Don't get me wrong, I think EI is a great dosing method and is what got me growing plants properly for the first time. I just like to try different things and see what happens. All I've done is copy what many other people have done before and adapt it for my needs. Lean dosing does need daily dosing of N and P to try and keep them from bottoming out but this suits me better than every other day dosing.

I don't do it to reduce growth rates but just to suit my lifestyle. TBH growth rates aren't that much less anyway and the plants look pretty much the same. I like the idea of smaller water changes and lower CO2 levels which some fish IMHO definitely do prefer. Didn't have algae problems under EI so that was never a reason to change. 

The idea is to supply the plants with what they require and control this with the lighting period. PO4 levels are low but not zero.

I was sceptical as well at first but I thought there was no harm in trying something different. Glad I did.

James


----------



## plantbrain (13 May 2008)

there's never any rule that EI must be applied with a sledge hammer and to full ppm's.
It is just an upper bound, you can and should likely dose less as you get a feel for the tank, algae, plants in general etc.

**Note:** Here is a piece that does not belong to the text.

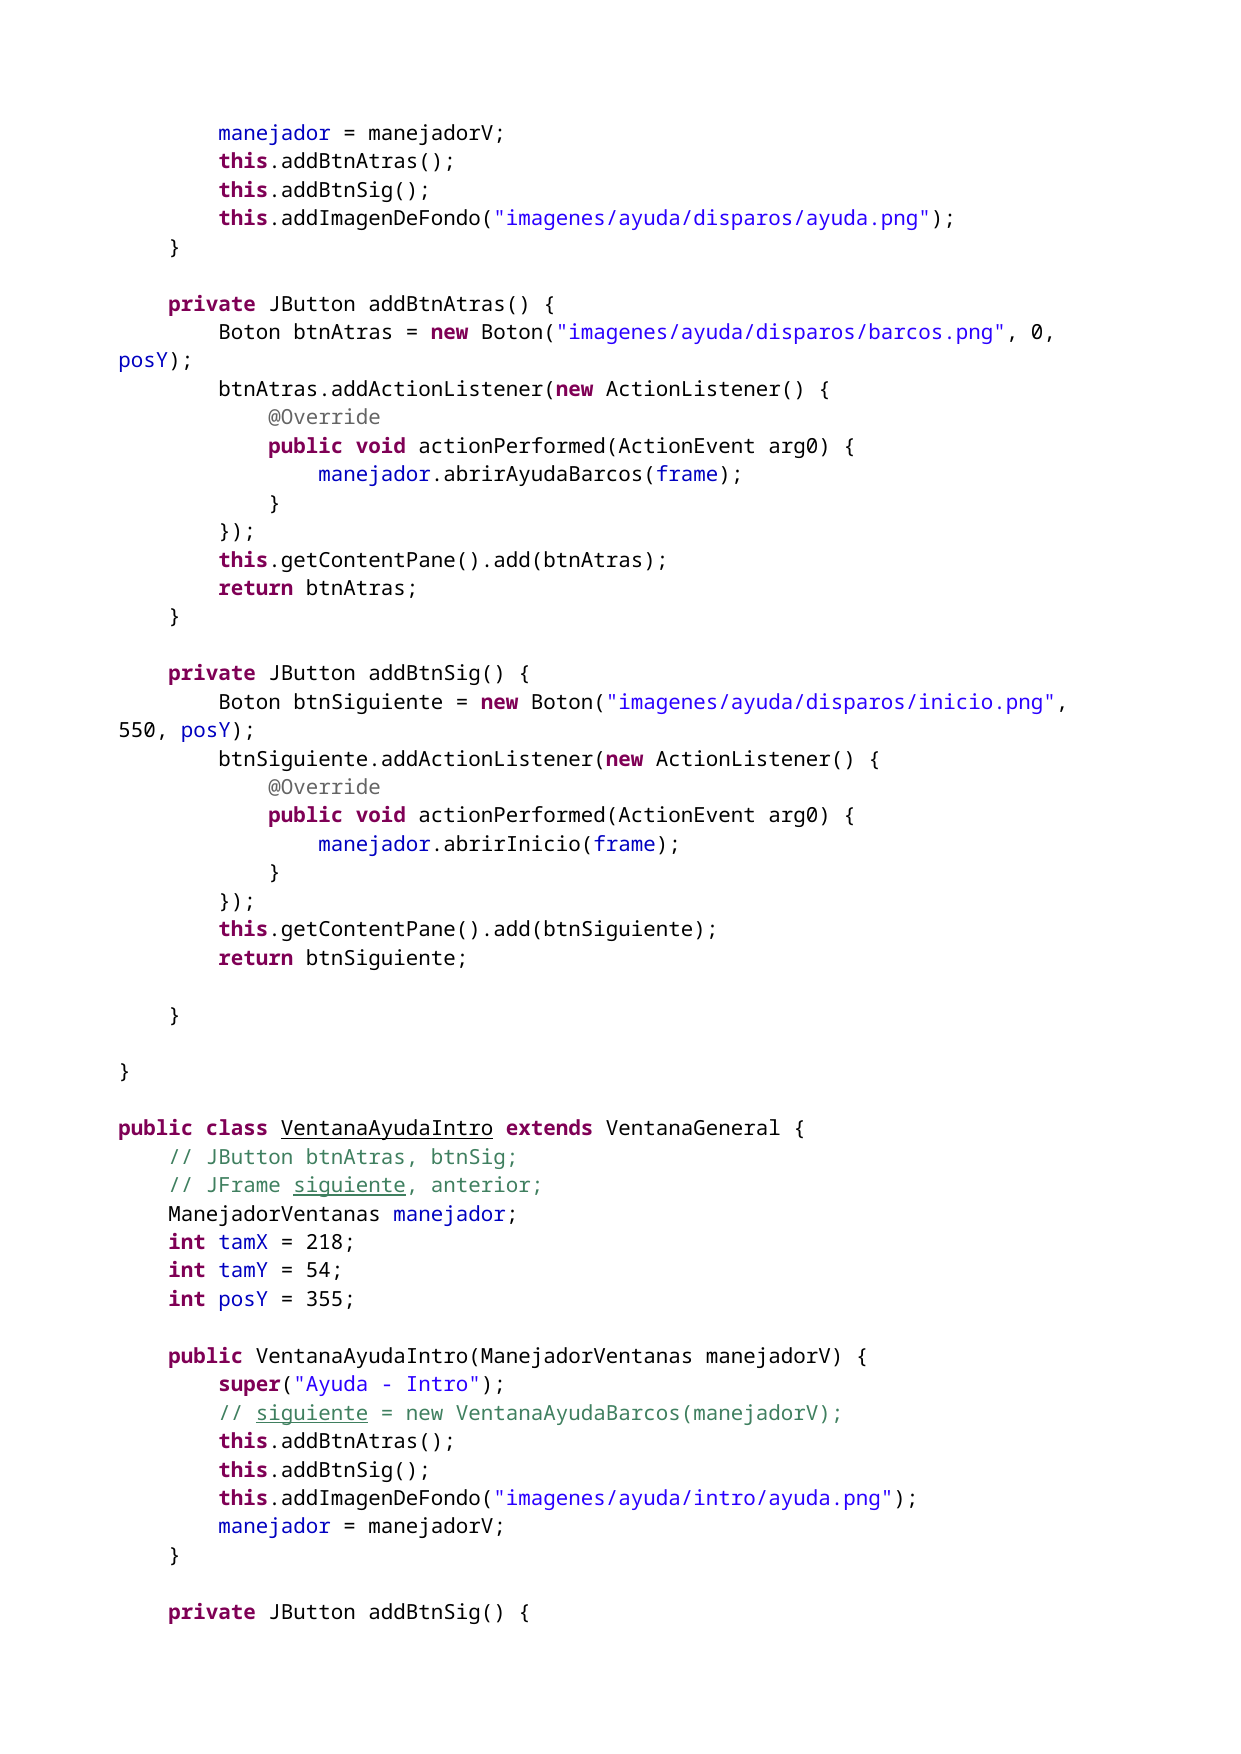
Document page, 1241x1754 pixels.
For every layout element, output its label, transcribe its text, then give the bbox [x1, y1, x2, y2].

No need to lard it on if it's not being used.
I doubt James has the same light intensity I used to develop the upper bounds.
So it stands to reason that he does not NEED this much ferts.

However, and this is where folks slip up, having excess does not mean you will get algae, or that it is necessarily "bad".
But it's just more than you "need". In effort to not be so wasteful, or to reduce water changes, whatever your goal might be, you can slowly reduce things down and note plant health.

As soon as you see a negative response, and you have scaled things down slowly, then you bump it back up to the next highest level. But..........things change and often a great deal with respect to time.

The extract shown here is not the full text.